Bayway refinery. Photo: Carmen Natale

A New Jersey appeals court on Monday affirmed the controversial $225 million settlement reached by the administration of Gov. Chris Christie and ExxonMobil over claims of contamination at company facilities in the state.

Appellate Division Judge Carmen Messano, joined by Judges Amy O'Connor and Francis Vernoia, said in a published decision that there was no reason to vacate the settlement agreement.

“We find no mistaken exercise of the judge's discretion in finding the consent judgment was fair, reasonable [and] consistent with the public interest,” Messano said.

The panel largely agreed with the holdings of Superior Court Judge Michael Hogan below, but found that the environmental groups had standing to appeal the judge's approval of the settlement. But the panel ultimately affirmed Hogan's approval of the deal.

It also rejected the challengers' contention that the New Jersey Department of Environmental Protection lacked authority to release ExxonMobil from claims lodged under the federal Comprehensive Environmental Response, Compensation, and Liability Act, or the Superfund.

The DEP “does not need authority from the federal Environmental Protection Agency to decline prosecution of an environmental claim,” Messano wrote. “None of the cases cited by the environmental groups supports their argument that DEP could not include as part of the consent judgment its intention to release Exxon from any CERCLA claims.”

The $225 million figure was reached to compensate the state for damages caused at the refinery facility in Bayonne and at the Bayway Refinery in Linden, as well as at all of its service stations and several other facilities in the state.
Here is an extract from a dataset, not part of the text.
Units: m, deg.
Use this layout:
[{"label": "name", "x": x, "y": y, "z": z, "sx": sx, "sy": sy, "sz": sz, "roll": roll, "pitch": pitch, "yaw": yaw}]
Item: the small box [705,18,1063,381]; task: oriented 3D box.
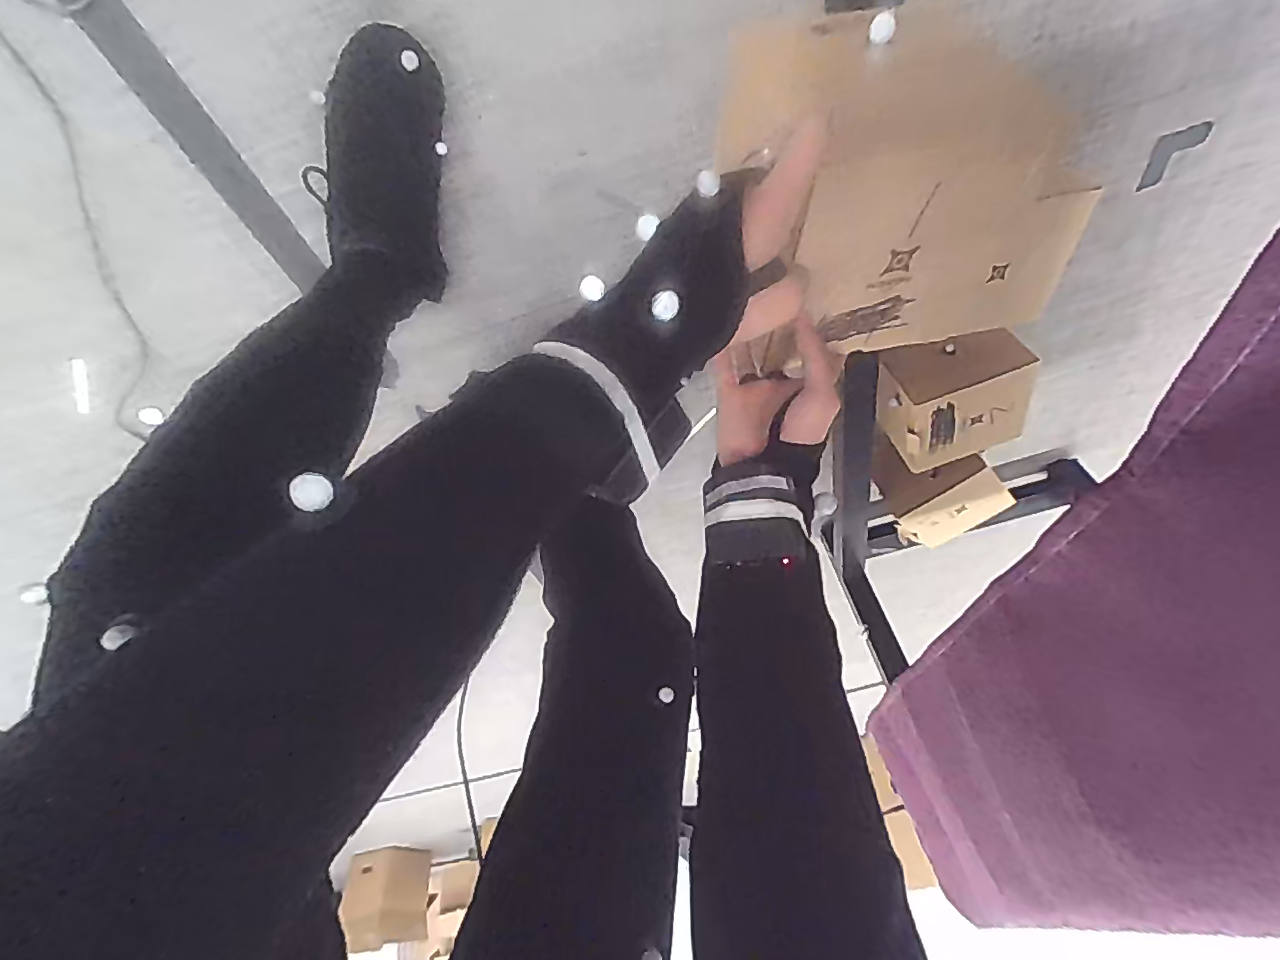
[{"label": "small box", "x": 0.154, "y": -0.208, "z": 0.419, "sx": 0.168, "sy": 0.176, "sz": 0.179, "roll": -13, "pitch": 151, "yaw": -5}]

The deal, struck in 2015, had been harshly criticized by Democrats, led by now-retired Sen. Raymond Lesniak of Union County, and environmental activists as being too low, but lawyers for the Republican administration noted that the settlement agreement does not cover claims against ExxonMobil for alleged natural resource damages to the Arthur Kill, Newark Bay and other waterways.

Jeff Tittel, the director of the New Jersey chapter of the Sierra Club, said of Monday's ruling: ”We're disappointed that the Appellate Division has ruled against us on the Exxon case. Although it's not a surprise, we still believe that they are wrong. The Appellate Division tends to side with state agencies.”
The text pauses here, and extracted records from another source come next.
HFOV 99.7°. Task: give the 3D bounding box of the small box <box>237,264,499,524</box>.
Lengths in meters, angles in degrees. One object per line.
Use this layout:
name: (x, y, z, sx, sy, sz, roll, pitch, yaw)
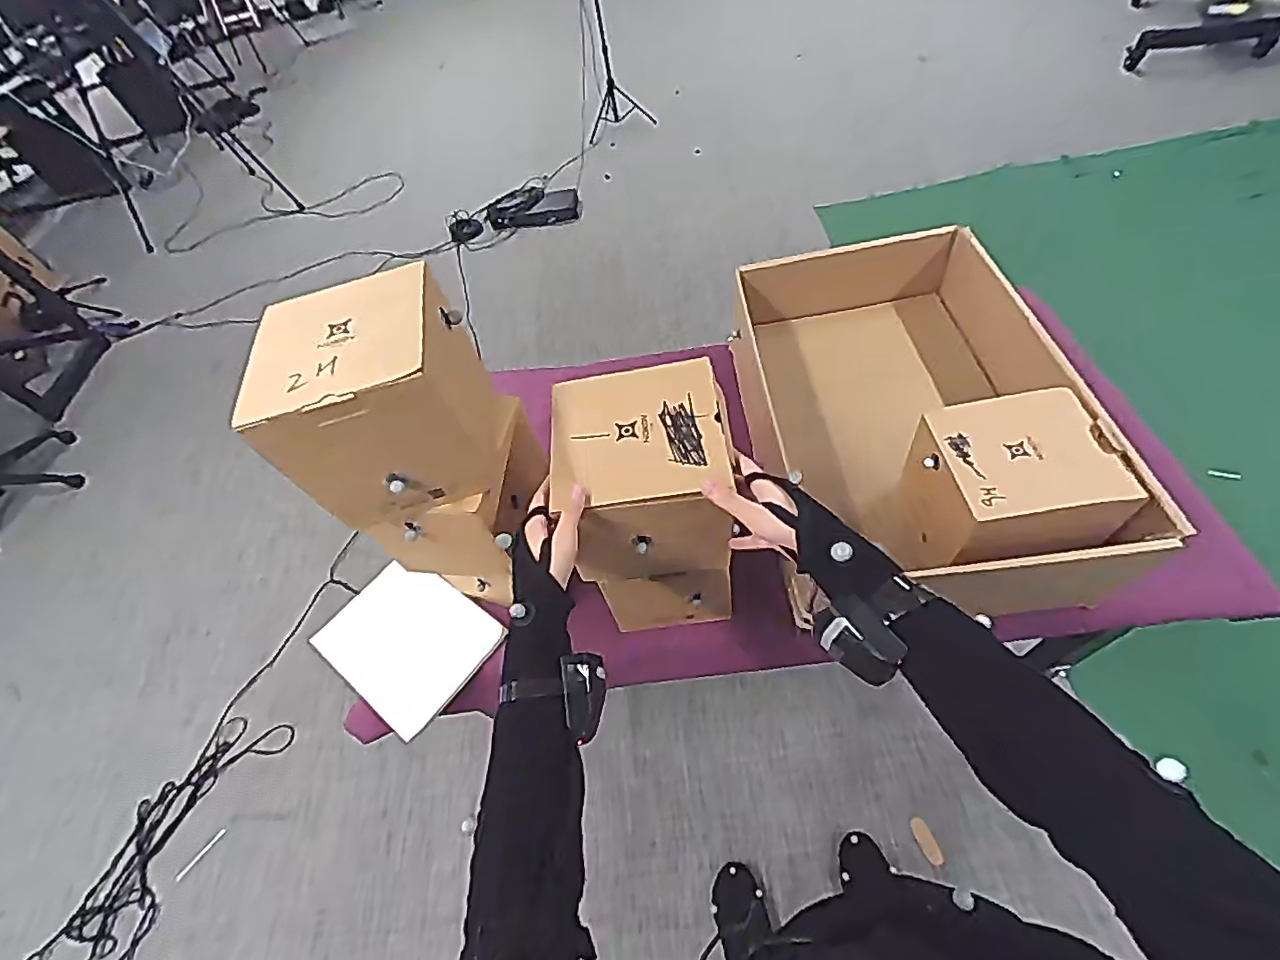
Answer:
small box: (-0.256, -0.083, 0.556, 0.168, 0.176, 0.179, -17, 54, 1)
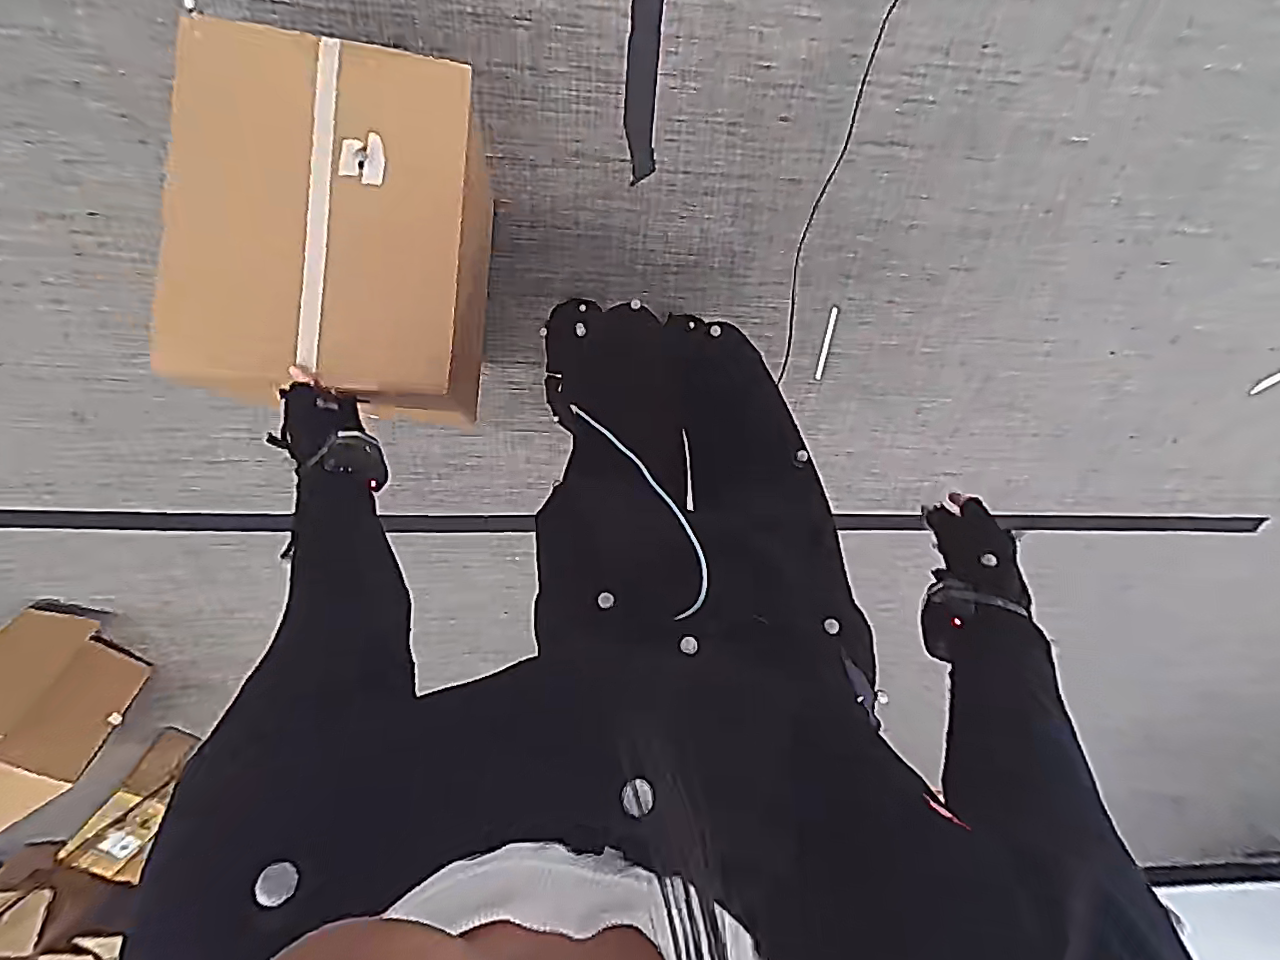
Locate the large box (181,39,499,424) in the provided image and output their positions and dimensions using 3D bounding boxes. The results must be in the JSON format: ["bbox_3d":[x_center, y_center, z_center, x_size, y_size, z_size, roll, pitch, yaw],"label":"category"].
[{"bbox_3d":[-0.387,-0.304,0.791,0.320,0.320,0.408,4,89,-10],"label":"large box"}]

The Attorney General's Office declined to comment.

Lesniak did not respond to a request for comment.

The settlement agreement was delayed pending a public comment period and subject to a review by Hogan, who approved it, along with some $44 million in attorney fees, in August 2015.
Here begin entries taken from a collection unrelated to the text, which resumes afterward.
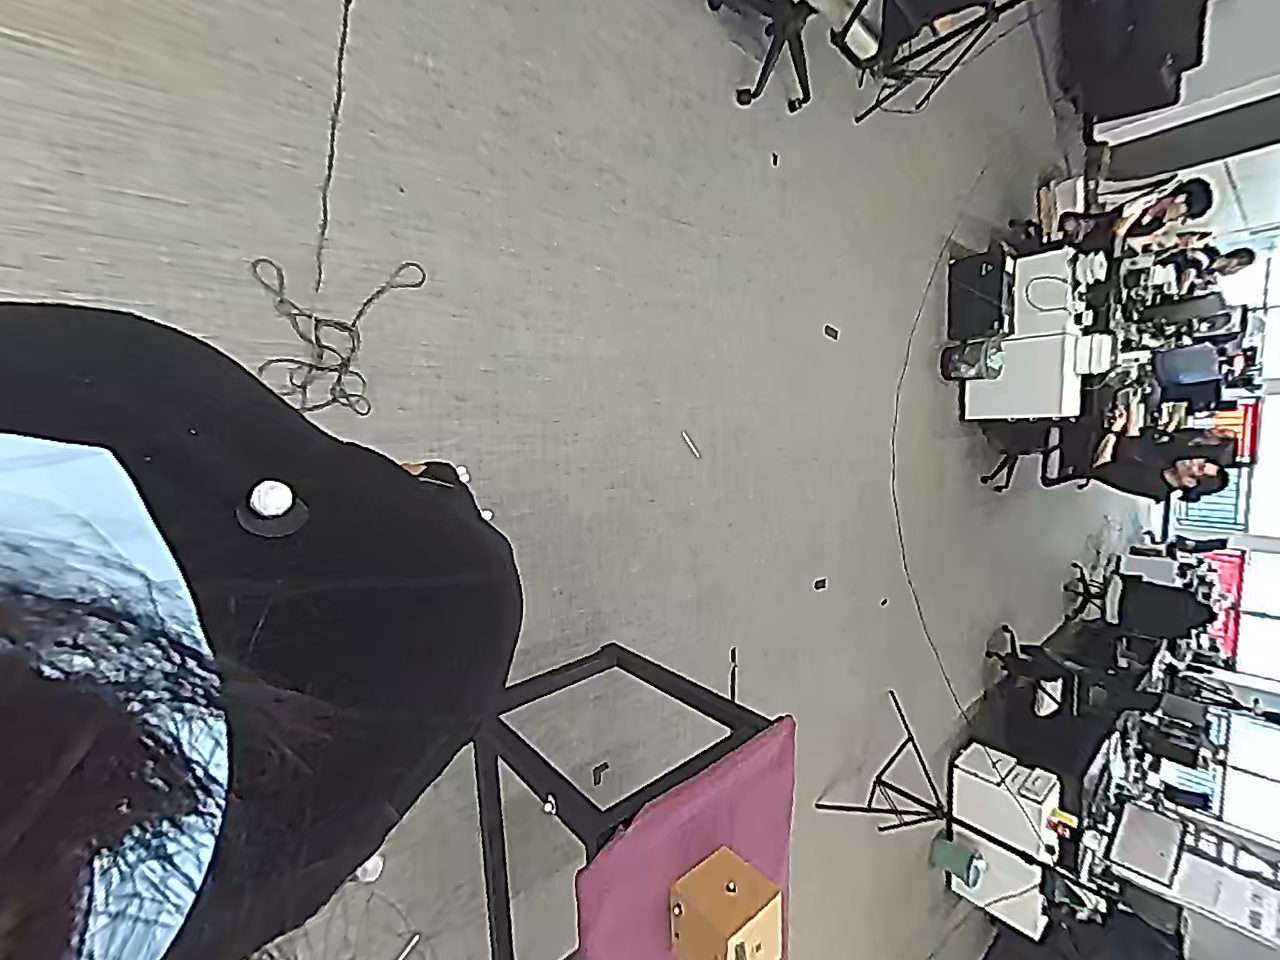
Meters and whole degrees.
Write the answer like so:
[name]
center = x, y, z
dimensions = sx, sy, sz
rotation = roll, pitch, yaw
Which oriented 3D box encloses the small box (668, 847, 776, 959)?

“After giving considerable time and thought to its task, the court finds that the proposed consent judgment is fair, reasonable, in the public interest, and consistent with the goals of the Spill Compensation and Control Act,” Hogan said at the time.

“Nearly every consent decree can be viewed simultaneously as 'a crackdown or a sellout,'” Hogan said, citing a 1994 ruling by a U.S. district judge in Colorado in United States v. Telluride. “This quote rings especially true for the settlement that this court has been tasked with reviewing.”

The settlement, announced in March 2015 by then-Acting Attorney General John Hoffman, came after 11 years of litigation between the state Department of Environmental Protection and ExxonMobil.

Hogan's decision had been eagerly awaited by the Christie administration, Democrats in the Legislature who appeared intent on derailing the governor's presidential ambitions at the time, and environmentalists who have accused the governor of agreeing to a sweetheart deal to appease a corporate ally.

At one point in the litigation, during the administration of Democratic Gov. Jon Corzine, there had been some speculation that ExxonMobil could be ordered to pay up to $8.9 billion in damages. But during a hearing before Hogan, lawyers representing both sides indicated that was never a real possibility. The state's lead attorney, Allan Kanner of Kanner & Whiteley in New Orleans, told the court then that anything significantly above $225 million would be unreasonable in trying to reach a compromise. The Philadelphia Inquirer quoted Hoffman as telling Hogan that ExxonMobil rejected a $325 million settlement offer in 2012, and one of Exxon's lawyers, Theodore Wells Jr., told Hogan the Corzine administration had made settlement offers of $350 million to $400 million. Wells, of Paul, Weiss, Rifkind, Wharton & Garrison in New York, said ExxonMobil rejected those offers and did not make counteroffers.

Ultimately, Hogan said, there was no reason to reject the settlement. “Although far smaller than the estimated $8.9 billion in damages, Exxon's payment represents a reasonable compromise given the substantial litigation risk the DEP faced at trial and would face on appeal,” he said, noting that agencies working in the public interest are “entitled to deference.”

State officials said the agreement represented the largest settlement in an environmental case with a corporate defendant in New Jersey's history.

Hogan also awarded the DEP's outside counsel, New Orleans' Kanner & Whiteley, $44.4 million in counsel fees.